Princess Lolowah's cousin, Faisal bin Musaid, assassinated her father in March 1975, when Lolowah was 27.

===Women's issues===
Princess Lolowah has dedicated her life to improving the welfare of women in Saudi Arabia, especially in the field of education. She has been a member of the Al Nahdah Philanthropic Society for Women in Riyadh since 1970. From 1990 to 1999, she assisted her mother, Queen Iffat in supervising the Dar Al Hanan School in Jeddah, the first private female high school in Saudi Arabia. Along with her mother and siblings, she helped found Effat College (now Effat University) in 1999.

Lolowah was involved in all the phases of the college's founding, from raising funds, developing the curriculum, overseeing construction to the hiring of faculty and staff. She serves as the university's vice chair of the Board of Founders and Board of Trustees, and general supervisor. She allowed herself to be photographed by Western media for the first time in 2005.

During a public session at the 2007 World Economic Forum, Lolowah spoke out against the ban on driving for women in Saudi Arabia. In addition to advocating more rights for Saudi women, she also works against misconceptions about women in Saudi Arabia that exist in the West. She insists Muslim women are accorded equal rights but not necessarily the same rights as men.

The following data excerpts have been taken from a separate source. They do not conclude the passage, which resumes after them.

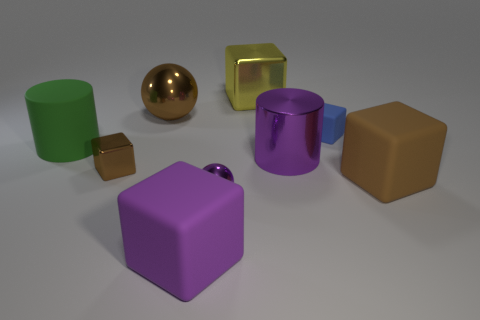Subtract all large yellow metal blocks. How many blocks are left? 4 Add 1 large yellow blocks. How many objects exist? 10 Subtract all purple cylinders. How many cylinders are left? 1 Subtract all spheres. How many objects are left? 7 Subtract 2 cylinders. How many cylinders are left? 0 Subtract all green cylinders. Subtract all red spheres. How many cylinders are left? 1 Subtract all purple cylinders. How many brown blocks are left? 2 Subtract all big brown rubber things. Subtract all big yellow metal things. How many objects are left? 7 Add 5 large purple cylinders. How many large purple cylinders are left? 6 Add 3 small metal objects. How many small metal objects exist? 5 
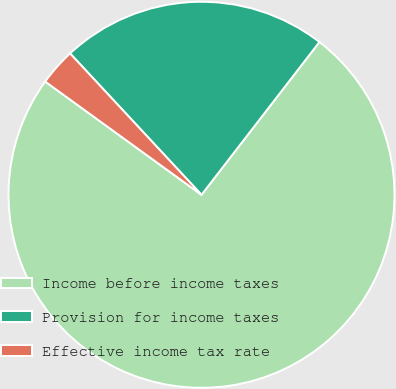<chart> <loc_0><loc_0><loc_500><loc_500><pie_chart><fcel>Income before income taxes<fcel>Provision for income taxes<fcel>Effective income tax rate<nl><fcel>74.51%<fcel>22.38%<fcel>3.1%<nl></chart> 
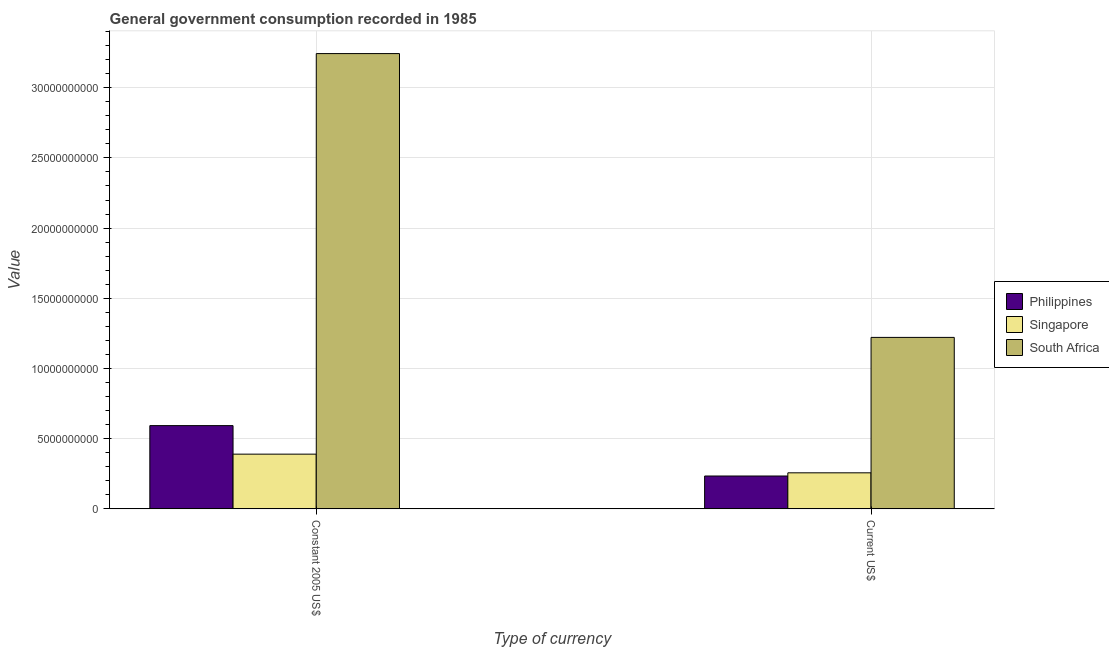How many different coloured bars are there?
Keep it short and to the point. 3. How many groups of bars are there?
Your response must be concise. 2. Are the number of bars on each tick of the X-axis equal?
Ensure brevity in your answer.  Yes. How many bars are there on the 1st tick from the left?
Give a very brief answer. 3. What is the label of the 1st group of bars from the left?
Keep it short and to the point. Constant 2005 US$. What is the value consumed in current us$ in South Africa?
Provide a short and direct response. 1.22e+1. Across all countries, what is the maximum value consumed in constant 2005 us$?
Provide a succinct answer. 3.24e+1. Across all countries, what is the minimum value consumed in constant 2005 us$?
Make the answer very short. 3.90e+09. In which country was the value consumed in constant 2005 us$ maximum?
Provide a succinct answer. South Africa. In which country was the value consumed in constant 2005 us$ minimum?
Your response must be concise. Singapore. What is the total value consumed in current us$ in the graph?
Provide a succinct answer. 1.71e+1. What is the difference between the value consumed in current us$ in Philippines and that in Singapore?
Keep it short and to the point. -2.27e+08. What is the difference between the value consumed in constant 2005 us$ in Philippines and the value consumed in current us$ in South Africa?
Ensure brevity in your answer.  -6.28e+09. What is the average value consumed in current us$ per country?
Provide a succinct answer. 5.71e+09. What is the difference between the value consumed in constant 2005 us$ and value consumed in current us$ in Philippines?
Ensure brevity in your answer.  3.59e+09. In how many countries, is the value consumed in current us$ greater than 14000000000 ?
Ensure brevity in your answer.  0. What is the ratio of the value consumed in current us$ in Singapore to that in Philippines?
Provide a succinct answer. 1.1. In how many countries, is the value consumed in current us$ greater than the average value consumed in current us$ taken over all countries?
Give a very brief answer. 1. What does the 1st bar from the left in Constant 2005 US$ represents?
Give a very brief answer. Philippines. What does the 2nd bar from the right in Current US$ represents?
Provide a short and direct response. Singapore. Are the values on the major ticks of Y-axis written in scientific E-notation?
Your answer should be very brief. No. Does the graph contain any zero values?
Provide a short and direct response. No. Does the graph contain grids?
Offer a terse response. Yes. How many legend labels are there?
Your answer should be very brief. 3. How are the legend labels stacked?
Provide a succinct answer. Vertical. What is the title of the graph?
Make the answer very short. General government consumption recorded in 1985. What is the label or title of the X-axis?
Make the answer very short. Type of currency. What is the label or title of the Y-axis?
Make the answer very short. Value. What is the Value in Philippines in Constant 2005 US$?
Provide a succinct answer. 5.93e+09. What is the Value of Singapore in Constant 2005 US$?
Your answer should be very brief. 3.90e+09. What is the Value of South Africa in Constant 2005 US$?
Offer a very short reply. 3.24e+1. What is the Value in Philippines in Current US$?
Your answer should be very brief. 2.34e+09. What is the Value in Singapore in Current US$?
Offer a very short reply. 2.57e+09. What is the Value in South Africa in Current US$?
Provide a succinct answer. 1.22e+1. Across all Type of currency, what is the maximum Value of Philippines?
Provide a succinct answer. 5.93e+09. Across all Type of currency, what is the maximum Value in Singapore?
Make the answer very short. 3.90e+09. Across all Type of currency, what is the maximum Value in South Africa?
Make the answer very short. 3.24e+1. Across all Type of currency, what is the minimum Value of Philippines?
Provide a succinct answer. 2.34e+09. Across all Type of currency, what is the minimum Value of Singapore?
Offer a very short reply. 2.57e+09. Across all Type of currency, what is the minimum Value in South Africa?
Your answer should be compact. 1.22e+1. What is the total Value in Philippines in the graph?
Give a very brief answer. 8.27e+09. What is the total Value in Singapore in the graph?
Give a very brief answer. 6.46e+09. What is the total Value in South Africa in the graph?
Your response must be concise. 4.46e+1. What is the difference between the Value of Philippines in Constant 2005 US$ and that in Current US$?
Provide a short and direct response. 3.59e+09. What is the difference between the Value in Singapore in Constant 2005 US$ and that in Current US$?
Provide a succinct answer. 1.33e+09. What is the difference between the Value of South Africa in Constant 2005 US$ and that in Current US$?
Your answer should be compact. 2.02e+1. What is the difference between the Value of Philippines in Constant 2005 US$ and the Value of Singapore in Current US$?
Make the answer very short. 3.36e+09. What is the difference between the Value in Philippines in Constant 2005 US$ and the Value in South Africa in Current US$?
Ensure brevity in your answer.  -6.28e+09. What is the difference between the Value of Singapore in Constant 2005 US$ and the Value of South Africa in Current US$?
Your response must be concise. -8.32e+09. What is the average Value of Philippines per Type of currency?
Your response must be concise. 4.13e+09. What is the average Value in Singapore per Type of currency?
Your answer should be compact. 3.23e+09. What is the average Value of South Africa per Type of currency?
Offer a very short reply. 2.23e+1. What is the difference between the Value in Philippines and Value in Singapore in Constant 2005 US$?
Offer a very short reply. 2.03e+09. What is the difference between the Value of Philippines and Value of South Africa in Constant 2005 US$?
Make the answer very short. -2.65e+1. What is the difference between the Value in Singapore and Value in South Africa in Constant 2005 US$?
Your answer should be very brief. -2.85e+1. What is the difference between the Value in Philippines and Value in Singapore in Current US$?
Provide a succinct answer. -2.27e+08. What is the difference between the Value in Philippines and Value in South Africa in Current US$?
Offer a very short reply. -9.87e+09. What is the difference between the Value of Singapore and Value of South Africa in Current US$?
Your answer should be compact. -9.65e+09. What is the ratio of the Value in Philippines in Constant 2005 US$ to that in Current US$?
Your answer should be very brief. 2.54. What is the ratio of the Value in Singapore in Constant 2005 US$ to that in Current US$?
Your answer should be very brief. 1.52. What is the ratio of the Value of South Africa in Constant 2005 US$ to that in Current US$?
Provide a short and direct response. 2.66. What is the difference between the highest and the second highest Value in Philippines?
Offer a terse response. 3.59e+09. What is the difference between the highest and the second highest Value in Singapore?
Keep it short and to the point. 1.33e+09. What is the difference between the highest and the second highest Value in South Africa?
Provide a succinct answer. 2.02e+1. What is the difference between the highest and the lowest Value of Philippines?
Give a very brief answer. 3.59e+09. What is the difference between the highest and the lowest Value of Singapore?
Your response must be concise. 1.33e+09. What is the difference between the highest and the lowest Value in South Africa?
Offer a terse response. 2.02e+1.

===Representing Saudi Arabia===
Princess Lolowah has also represented Saudi Arabia at various international forums. She served as a member of the Committee of International Trade of the Saudi Chambers of Commerce and Industries. In 2006, she led a delegation of Saudi businesswomen to Hong Kong. She has participated in Saudi trade missions abroad, accompanying senior Saudi royal family members on diplomatic travels.

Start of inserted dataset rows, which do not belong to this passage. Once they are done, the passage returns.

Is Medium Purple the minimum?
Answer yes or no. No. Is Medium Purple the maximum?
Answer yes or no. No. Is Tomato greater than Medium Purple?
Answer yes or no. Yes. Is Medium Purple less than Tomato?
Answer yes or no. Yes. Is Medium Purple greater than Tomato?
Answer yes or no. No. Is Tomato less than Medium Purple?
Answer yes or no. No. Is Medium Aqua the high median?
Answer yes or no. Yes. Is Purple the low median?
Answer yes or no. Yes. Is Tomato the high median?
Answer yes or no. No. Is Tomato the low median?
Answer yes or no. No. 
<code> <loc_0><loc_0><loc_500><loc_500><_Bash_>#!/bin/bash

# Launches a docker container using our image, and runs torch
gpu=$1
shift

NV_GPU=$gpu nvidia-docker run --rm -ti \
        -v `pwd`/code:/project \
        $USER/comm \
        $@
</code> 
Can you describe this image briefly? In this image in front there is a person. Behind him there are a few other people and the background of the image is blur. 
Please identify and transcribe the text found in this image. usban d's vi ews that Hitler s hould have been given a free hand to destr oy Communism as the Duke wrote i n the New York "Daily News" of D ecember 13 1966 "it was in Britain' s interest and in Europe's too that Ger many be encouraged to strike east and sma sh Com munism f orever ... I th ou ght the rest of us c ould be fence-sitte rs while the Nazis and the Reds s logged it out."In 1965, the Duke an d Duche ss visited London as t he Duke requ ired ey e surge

Lolowah has given many speeches worldwide on the advancement of Muslim women. She is a member of the summit agenda of the World Economic Forum and participated in the forum's sessions. During the 2008 World Economic Forum Annual Meeting in Davos, she presented the working session "What Kind of Education for What Kind of World?", delivering a speech focusing on the philosophy of education. She was the keynote speaker at the London Middle East Institute Conference at the School of Oriental and African Studies, London in 2003. At home, she is a board member of the King Faisal Foundation.

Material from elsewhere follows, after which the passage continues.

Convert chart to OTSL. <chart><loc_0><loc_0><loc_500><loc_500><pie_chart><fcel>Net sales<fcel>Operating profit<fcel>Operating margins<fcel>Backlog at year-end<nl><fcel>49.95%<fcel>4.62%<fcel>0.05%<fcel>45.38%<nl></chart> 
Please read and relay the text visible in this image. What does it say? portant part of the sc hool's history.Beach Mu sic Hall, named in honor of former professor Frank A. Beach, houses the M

Like her father King Faisal, Princess Lolowah speaks fluent English and French in addition to her native Arabic.

==Honours==
In 2009, Princess Lolowah received an honorary degree from Mount Holyoke College, Massachusetts. She also spoke at the commencement ceremony. Mount Holyoke College played a consultative role in the founding of Effat University. She later received honorary doctorates from Tokai University, Japan, in 2011, for her role in promoting women in science and technology and from the University of Salford, UK, in 2013, for her dedication to women's welfare and contributions to education in Saudi Arabia.